Fred and I planned a two week long motorcycle trip with friends. Since I would be riding on the back of the bike for long hours each day, I thought, "What a wonderful time to devote lots of meditation and thought to this problem of being present!" I set my intention for the trip to be the contemplation of "Being Present in my Body" and off we rode on motorcycles loaded with camping and camera gear. I spent the first two days of the ride contemplating the concept of presence and thinking about being present and how I would be able to tell if I was and so on. The second night out; seven hundred and fifty miles from home camping beside a river in Idaho, I didn't see a pothole in the road in the dark and I fell, badly spraining my ankle. By the time the guys had helped me back to camp, my ankle was so swollen you couldn't even see my ankle bone. As mentioned earlier, I've done a lot of falling and ankle spraining, so I know a bad sprain when I feel one and this one was BAD. Last time I had sprained my ankle this badly, I spent six weeks on crutches. I crawled off into the tent, feeling very miserable and sorry for myself. All I could think of was that I wouldn't even be able to get back on the bike in the morning, let alone ride all day. I thought, "They'll have to throw me over the bike like a saddle bag and haul me into town and send me home on the bus. I've just ruined the trip for everyone."

By morning, through a combination of Shamanic Journey and Reiki, I was at least improved enough to be able to get on the bike. The decision was made to camp for a few days at a campground beside the Snake River, which was only about twenty miles away and make short day trips from there to give me some time to recuperate and keep my ankle elevated. Through a combination of Reiki, soaking in the icy water of the Snake River and a tube of Traumeel that Maggie had in her backpack, my ankle improved at an amazing rate.
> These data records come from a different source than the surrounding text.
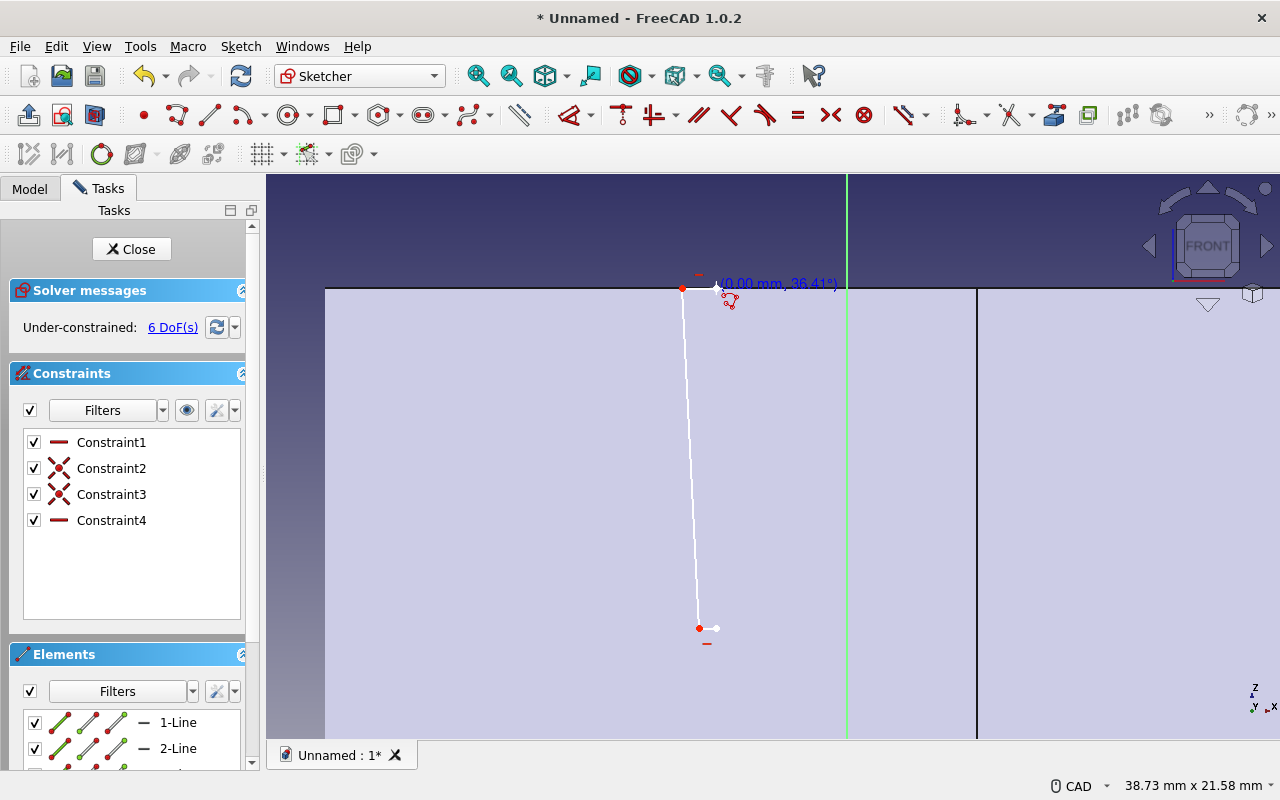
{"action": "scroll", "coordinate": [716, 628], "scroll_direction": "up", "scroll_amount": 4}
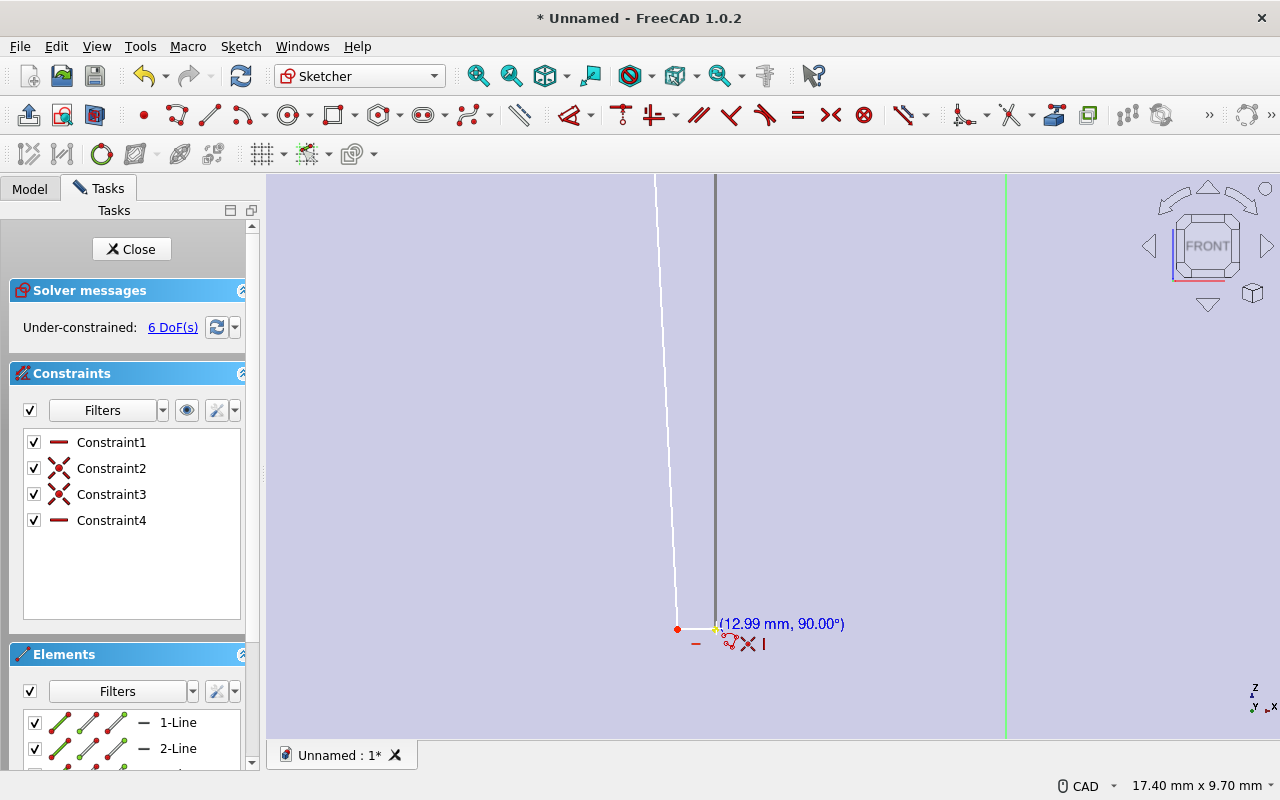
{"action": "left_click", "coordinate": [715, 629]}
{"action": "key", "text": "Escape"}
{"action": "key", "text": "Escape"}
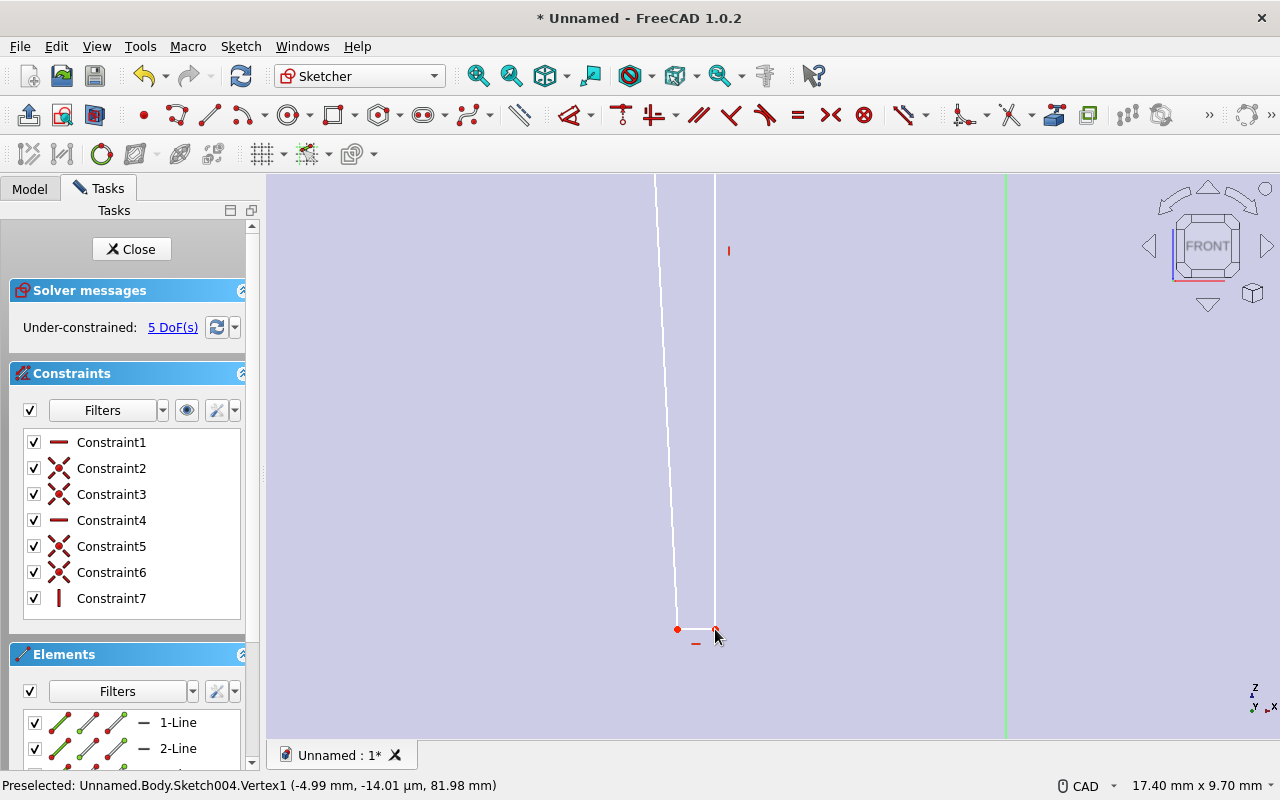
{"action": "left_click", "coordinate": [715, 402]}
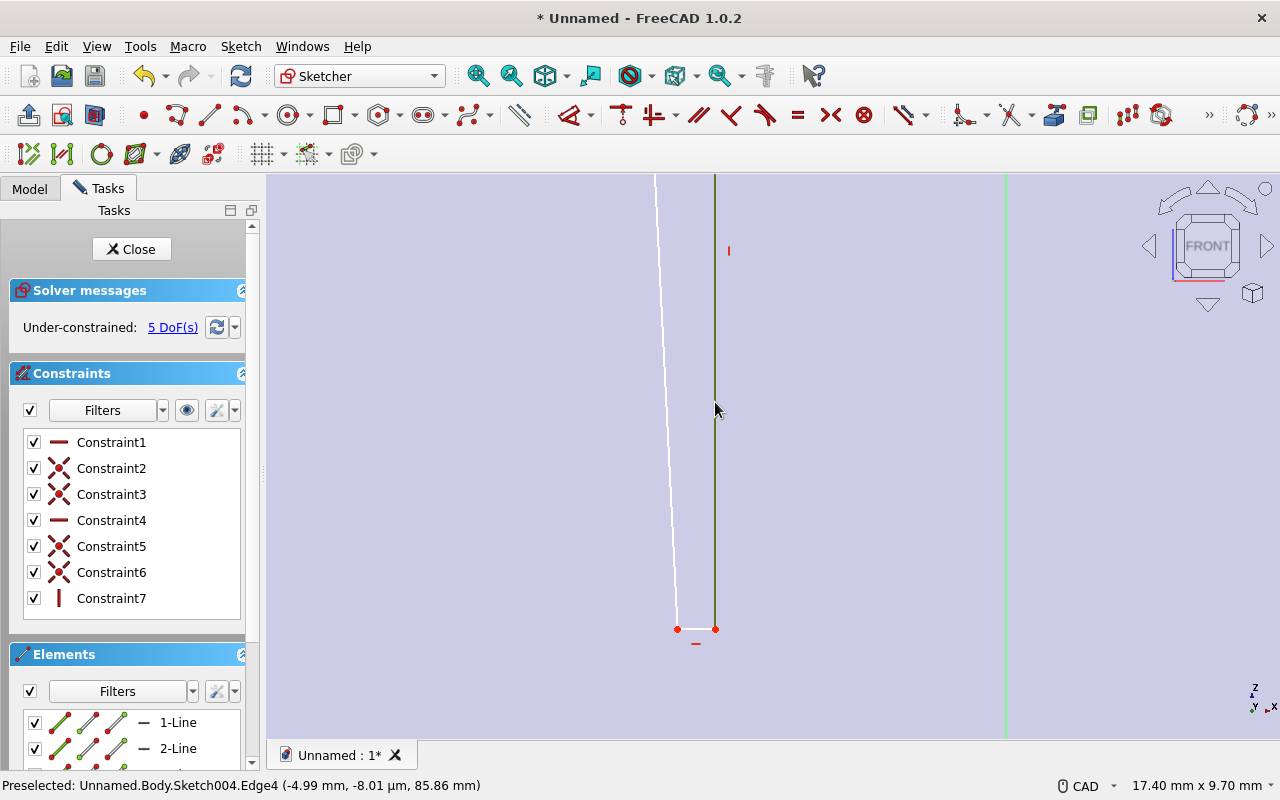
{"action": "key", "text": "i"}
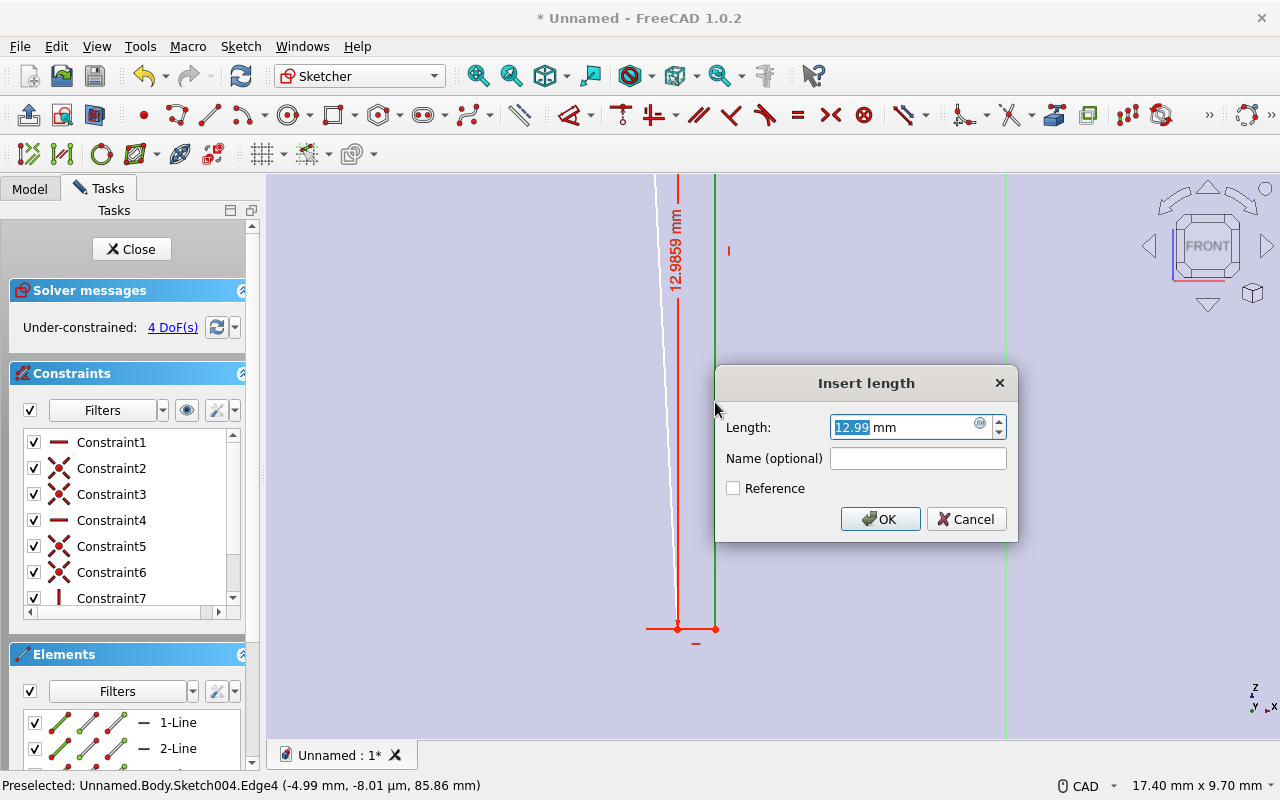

We planned our trip home as a series of short hops from campground to campground. It turned out that everyone in the group enjoyed the slower pace more than the long hauls that had gotten us to northern Idaho from Denver in two days on the trip up, so that worked out well. By the time we were halfway through Wyoming, I was hobbling around camp pretty well.

One morning, we were camped in a mountain canyon alongside a roaring creek. It had rained during the night and the light was just magical. The wild flowers were in full bloom and the morning was absolutely glorious. I grabbed my camera and determined to get out and get a few pictures. As I walked along the trail, I discovered that if I placed my feet very carefully with each step, I could walk without pain and without limping. Since I knew I wouldn't be able to walk far, this hike wasn't about "a destination". I would take a few careful steps, then stop to look around and drink in what I could see…. The raindrops sparkling in the morning sun on the tips of the leaves, a little cloud of gnats circling in a sunbeam over the trail, the dappled sunlight striking a cluster of horsetail ferns at the creek side. Suddenly I realized that I was totally present in my body. Every movement was conscious and aware. I was totally focused on my surroundings and the physicality of my body acting in those surroundings. If I didn't pay attention, I'd misstep and my ankle would hurt, so I was walking in complete concentration, then stopping to take in my surroundings so I wouldn't miss anything of the glory of the morning.

Then I had to stop and laugh. It would take someone totally trapped in their head to make such a complex intellectual exercise out of being present. It was all so totally and completely simple. Lion had been right all along.